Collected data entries
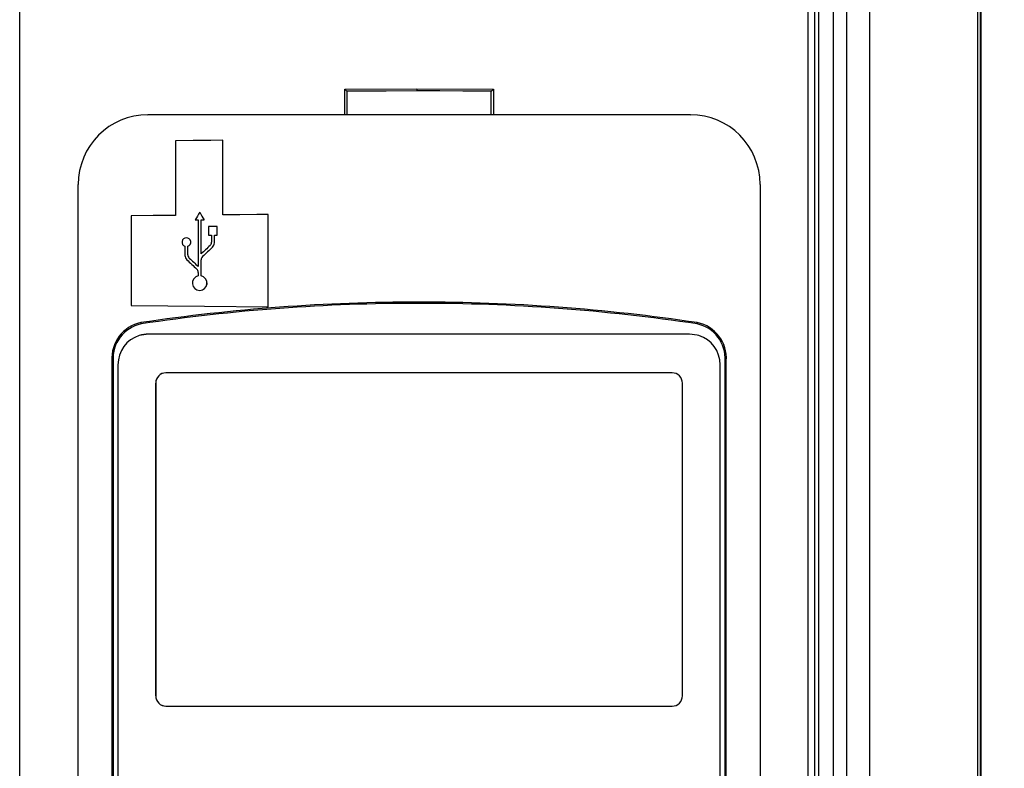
# Model space of a CAD drawing. Header units: millimetres. Extents: x 0 to 1537, y 0 to 1187.
# Tile 10 of 44: x 243 to 339, y 387 to 460. Entities that reach past the tile are written whole.
import ezdxf

# ---------------------------------------------------------------- set-up
doc = ezdxf.new("R2010")
doc.units = ezdxf.units.MM
doc.header["$LTSCALE"] = 5.5
doc.layers.add('DIMENSIONS', color=140, linetype='Continuous', lineweight=25)
doc.styles.add('SLDTEXTSTYLE0', font='TXT', dxfattribs={"width": 0.7})
doc.dimstyles.new('SLDDIMSTYLE1', dxfattribs={"dimtxt": 11.869043, "dimasz": 18.161, "dimexe": 0, "dimexo": 0.0625, "dimgap": 2.967261, "dimtad": 0, "dimtih": 1, "dimtoh": 1, "dimrnd": 1e-09, "dimzin": 4, "dimdsep": 46, "dimtxsty": 'SLDTEXTSTYLE0', "dimsah": 1, "dimcen": 0.09, "dimadec": 0, "dimazin": 1, "dimtfac": 1, "dimtofl": 0, "dimtmove": 0, "dimatfit": 3, "dimfxl": 0, "dimfrac": 2, "dimtolj": 1, "dimtzin": 12, "dimarcsym": 0})

# ---------------------------------------------------------------- blocks, each defined once
blk = doc.blocks.new('_D_1')
at = {"layer": 'DIMENSIONS'}
for p, q in [((347.778, 523.692), (382.038, 523.692)), ((364.575, 523.692), (364.575, 435.213)), ((346.94, 413.692), (342.955, 413.692)), ((342.955, 413.692), (342.955, 394.828)), ((382.21, 413.692), (386.196, 413.692)), ((386.196, 413.692), (386.196, 394.828)), ((342.955, 394.828), (346.94, 394.828)), ((386.196, 394.828), (382.21, 394.828)), ((364.575, 303.692), (364.575, 392.171)), ((351.451, 303.692), (382.038, 303.692))]:
    blk.add_line(p, q, dxfattribs=at)
for points in [[(364.575, 523.692), (361.781, 505.531), (367.369, 505.531)], [(364.575, 303.692), (367.369, 321.853), (361.781, 321.853)]]:
    blk.add_solid(points, dxfattribs=at)
at = {"layer": 'DIMENSIONS', "char_height": 11.6417, "attachment_point": 1, "style": 'SLDTEXTSTYLE0'}
for s, insert in [('220.0', (342.003, 431.356)), ('8.66', (346.94, 409.835))]:
    blk.add_mtext(s, dxfattribs=dict(at, insert=insert))

msp = doc.modelspace()

# ---------------------------------------------------------------- linework, layer by layer
for p, q in [((336.414, 523.692), (336.414, 303.692)), ((336.714, 303.692), (336.714, 523.692)), ((336.715, 523.692), (336.715, 303.692)), ((242.57, 306.602), (242.57, 520.375)), ((323.586, 518.469), (323.586, 308.666)), ((322.253, 515.139), (322.253, 311.98)), ((322.255, 515.139), (322.255, 311.98)), ((320.851, 314.385), (320.851, 513.803)), ((319.773, 512.924), (319.773, 315.403)), ((320.425, 512.916), (320.425, 315.403)), ((325.84, 357.442), (325.84, 469.692)), ((323.581, 465.902), (323.581, 362.902)), ((274.422, 453.561), (281.486, 453.58)), ((274.422, 451.084), (274.422, 453.561)), ((274.422, 453.561), (274.619, 453.367)), ((274.618, 453.367), (274.618, 451.084)), ((281.486, 453.58), (288.972, 453.558)), ((288.775, 453.365), (288.972, 453.558)), ((288.775, 451.084), (288.775, 453.365)), ((288.972, 453.558), (288.972, 451.084)), ((274.422, 451.084), (274.518, 451.084)), ((274.518, 451.084), (274.618, 451.084)), ((288.775, 451.084), (288.869, 451.084)), ((288.869, 451.084), (288.972, 451.084)), ((308.277, 451.057), (308.277, 451.057)), ((262.47, 441.25), (262.47, 448.552)), ((262.47, 441.25), (262.47, 448.552)), ((262.47, 448.552), (262.47, 448.552)), ((257.843, 448.503), (257.843, 441.202)), ((248.299, 343.226), (248.299, 444.226)), ((315.11, 444.226), (315.11, 343.226)), ((315.11, 444.226), (315.11, 343.226)), ((315.11, 444.226), (315.11, 444.226)), ((253.486, 441.146), (253.486, 432.362)), ((260.202, 441.507), (260.202, 441.507)), ((266.921, 432.245), (266.921, 441.289)), ((266.921, 441.289), (266.922, 441.289)), ((266.922, 432.245), (266.922, 441.289)), ((259.77, 440.759), (260.059, 440.759)), ((260.059, 440.759), (260.059, 436.192)), ((260.344, 437.418), (260.344, 440.759)), ((260.344, 440.759), (260.634, 440.759)), ((260.344, 437.418), (260.344, 440.759)), ((260.634, 440.759), (260.634, 440.759)), ((261.066, 440.111), (261.066, 439.247)), ((261.93, 440.111), (261.066, 440.111)), ((261.93, 439.247), (261.93, 440.111)), ((261.93, 439.247), (261.93, 440.111)), ((261.93, 440.111), (261.93, 440.111)), ((258.906, 439.007), (258.906, 439.007)), ((261.066, 439.247), (261.355, 439.247)), ((261.355, 439.247), (261.355, 438.561)), ((261.64, 438.5), (261.64, 439.247)), ((261.64, 439.247), (261.93, 439.247)), ((261.64, 438.5), (261.64, 439.247)), ((258.763, 438.167), (258.763, 437.273)), ((259.049, 437.334), (259.049, 438.167)), ((259.049, 437.334), (259.049, 438.167)), ((259.049, 438.167), (259.049, 438.167)), ((261.461, 438.083), (261.461, 438.083)), ((261.64, 438.5), (261.64, 438.5)), ((259.049, 437.334), (259.049, 437.334)), ((259.184, 437.021), (259.184, 437.021)), ((260.479, 437.154), (260.479, 437.154)), ((260.344, 435.276), (260.344, 436.84)), ((260.344, 435.276), (260.344, 436.84)), ((260.344, 436.84), (260.344, 436.84)), ((260.059, 435.613), (260.059, 435.276)), ((260.344, 435.276), (260.344, 435.276)), ((260.202, 433.847), (260.202, 433.847)), ((266.921, 432.245), (266.922, 432.245)), ((255.197, 429.573), (254.286, 429.431)), ((308.197, 429.573), (255.197, 429.573)), ((251.599, 426.947), (251.599, 351.648)), ((251.722, 426.947), (251.599, 426.947)), ((251.722, 426.947), (251.722, 351.699)), ((252.197, 426.573), (252.197, 351.944)), ((311.197, 426.573), (311.198, 426.573)), ((311.197, 351.944), (311.197, 426.573)), ((311.198, 351.944), (311.198, 426.573)), ((311.673, 351.699), (311.673, 426.947)), ((311.673, 426.947), (311.797, 426.947)), ((311.797, 351.648), (311.797, 426.947)), ((306.497, 425.773), (256.897, 425.773)), ((255.897, 424.773), (255.897, 394.123)), ((255.897, 424.773), (255.898, 424.773)), ((255.898, 394.123), (255.898, 424.773)), ((307.497, 394.123), (307.497, 424.773)), ((255.897, 394.123), (255.898, 394.123)), ((256.897, 393.123), (306.497, 393.123))]:
    msp.add_line(p, q)
at = {"flags": 128}
for points in [[(281.486, 453.386), (278.486, 453.382), (276.454, 453.376), (274.62, 453.367)], [(281.486, 453.58), (281.486, 453.556), (281.486, 453.531), (281.486, 453.507), (281.486, 453.483), (281.486, 453.458), (281.486, 453.434), (281.486, 453.41), (281.486, 453.386)], [(288.774, 453.365), (285.976, 453.378), (283.732, 453.384), (281.486, 453.386)], [(255.132, 451.058), (264.733, 451.075), (274.422, 451.084)], [(308.277, 451.057), (302.456, 451.057), (296.572, 451.057), (290.643, 451.057), (284.687, 451.058), (278.721, 451.058), (272.765, 451.058), (266.836, 451.058), (260.952, 451.058), (255.132, 451.058)], [(274.518, 451.084), (274.518, 451.081), (274.518, 451.077), (274.518, 451.074), (274.518, 451.071), (274.518, 451.068), (274.518, 451.064), (274.518, 451.061), (274.518, 451.058)], [(274.618, 451.084), (274.615, 451.069), (274.609, 451.058)], [(288.785, 451.057), (288.778, 451.071), (288.776, 451.084)], [(288.869, 451.084), (288.869, 451.08), (288.869, 451.077), (288.869, 451.074), (288.869, 451.071), (288.869, 451.067), (288.869, 451.064), (288.869, 451.061), (288.869, 451.057)], [(288.972, 451.084), (298.67, 451.074), (308.277, 451.057)], [(262.47, 448.552), (261.31, 448.539), (259.574, 448.521), (257.843, 448.503)], [(257.843, 441.202), (256.75, 441.189), (255.659, 441.175), (253.486, 441.146)], [(266.921, 441.289), (265.806, 441.279), (264.136, 441.265), (262.47, 441.25)], [(253.486, 432.362), (257.071, 432.331), (260.686, 432.299), (266.921, 432.245)], [(281.696, 432.581), (281.696, 432.595), (281.696, 432.61), (281.696, 432.625), (281.696, 432.64), (281.696, 432.655), (281.696, 432.671), (281.696, 432.686), (281.696, 432.702)], [(309.108, 429.431), (308.954, 429.476), (308.197, 429.573)]]:
    msp.add_lwpolyline(points, dxfattribs=at)
for centre, radius, start, end in [((255.14, 444.218), 6.84, 90.06292, 179.92659), ((279.054, 451.087), 4.632, 180.0318, 180.35652), ((284.557, 451.086), 4.415, 359.62546, 359.96631), ((308.273, 444.22), 6.838, 0.05758, 89.96169), ((308.273, 444.22), 6.838, 0.05762, 89.96158), ((258.906, 438.575), 0.432, 90.00342, 250.72915), ((258.906, 438.575), 0.432, 289.27074, 89.99669), ((258.906, 438.575), 0.432, 289.27117, 89.99627), ((260.923, 438.561), 0.432, 313.43284, 0.00044), ((261.066, 438.5), 0.575, 313.43292, 0.00033), ((261.066, 438.5), 0.575, 313.43282, 0.00043), ((259.338, 437.273), 0.575, 179.99971, 226.56667), ((259.481, 437.334), 0.432, 179.99965, 226.56677), ((259.481, 437.334), 0.432, 179.99972, 226.56671), ((260.776, 436.84), 0.432, 133.43294, 180.00047), ((260.776, 436.84), 0.432, 133.43293, 180.00047), ((260.202, 434.569), 0.721, 101.39674, 78.60326), ((259.627, 435.613), 0.432, 359.99973, 46.56681), ((260.203, 434.569), 0.721, 269.93644, 78.67137), ((281.597, 248.505), 184.197, 89.96921, 98.47656), ((281.583, 248.772), 183.809, 89.9648, 98.48289), ((281.794, 248.458), 184.244, 81.52451, 90.03043), ((281.821, 248.9), 183.681, 81.51415, 90.03887), ((255.166, 427.187), 3.575, 101.62319, 183.85269), ((255.19, 427.17), 3.476, 101.9813, 183.67608), ((255.573, 430.847), 1.138, 187.9481, 194.08045), ((307.819, 430.848), 1.141, 345.93338, 352.05043), ((308.233, 427.192), 3.449, 355.93357, 78.4191), ((308.23, 427.188), 3.575, 356.14441, 78.3898), ((255.197, 426.573), 3, 107.67859, 180), ((255.197, 426.573), 3, 90, 107.67859), ((308.197, 426.573), 3, 0.0017, 72.32466), ((308.197, 426.573), 3, 360, 72.32141), ((256.897, 424.773), 1, 89.98687, 180.01313), ((256.898, 424.773), 1, 90, 180), ((306.497, 424.773), 1, 359.99349, 90.00651), ((256.897, 394.123), 1, 179.99349, 270.00651), ((256.898, 394.123), 1, 180, 270), ((306.497, 394.123), 1, 269.99349, 0.00651)]:
    msp.add_arc(centre, radius, start, end)
for centre, major_axis, ratio, start_param, end_param in [((281.732, 478.737), (108.688, 188.254), 0.000144, 1.769957, 1.774013), ((281.732, 404.277), (-108.635, 188.161), 0.000144, 1.371537, 1.375592), ((281.732, 404.277), (-108.688, 188.254), 0.000144, 1.371636, 1.375689), ((281.732, 457.632), (108.688, 102.892), 0.000166, 1.760499, 1.768711), ((281.732, 457.239), (108.635, 102.841), 0.000166, 1.758338, 1.767542), ((281.732, 457.239), (108.688, 102.892), 0.000166, 1.758245, 1.767444), ((281.732, 415.708), (108.635, -102.841), 0.000166, 4.503464, 4.511699), ((281.732, 415.708), (108.688, -102.892), 0.000166, 4.503568, 4.511799), ((281.732, 415.316), (108.688, -102.892), 0.000166, 4.501305, 4.510531)]:
    msp.add_ellipse(centre, major_axis=major_axis, ratio=ratio, start_param=start_param, end_param=end_param)

# ---------------------------------------------------------------- dimensions: what is measured, and where the dimension line sits
at = {"layer": 'DIMENSIONS'}
dim = msp.add_linear_dim(base=(364.575, 303.692), p1=(336.414, 523.692), p2=(336.414, 303.692), angle=90, dimstyle='SLDDIMSTYLE1', dxfattribs=at)
dim.commit()
dim.dimension.update_dxf_attribs({"geometry": '_D_1', "text_midpoint": (364.575, 413.692), "dimtype": 160})

doc.saveas('drawing.dxf')

## WORK INSTRUCTIONS
If a line in the records above contains "units", copy that line.

## RESULT
# Model space of a CAD drawing. Header units: millimetres. Extents: x 0 to 1537, y 0 to 1187.
doc.units = ezdxf.units.MM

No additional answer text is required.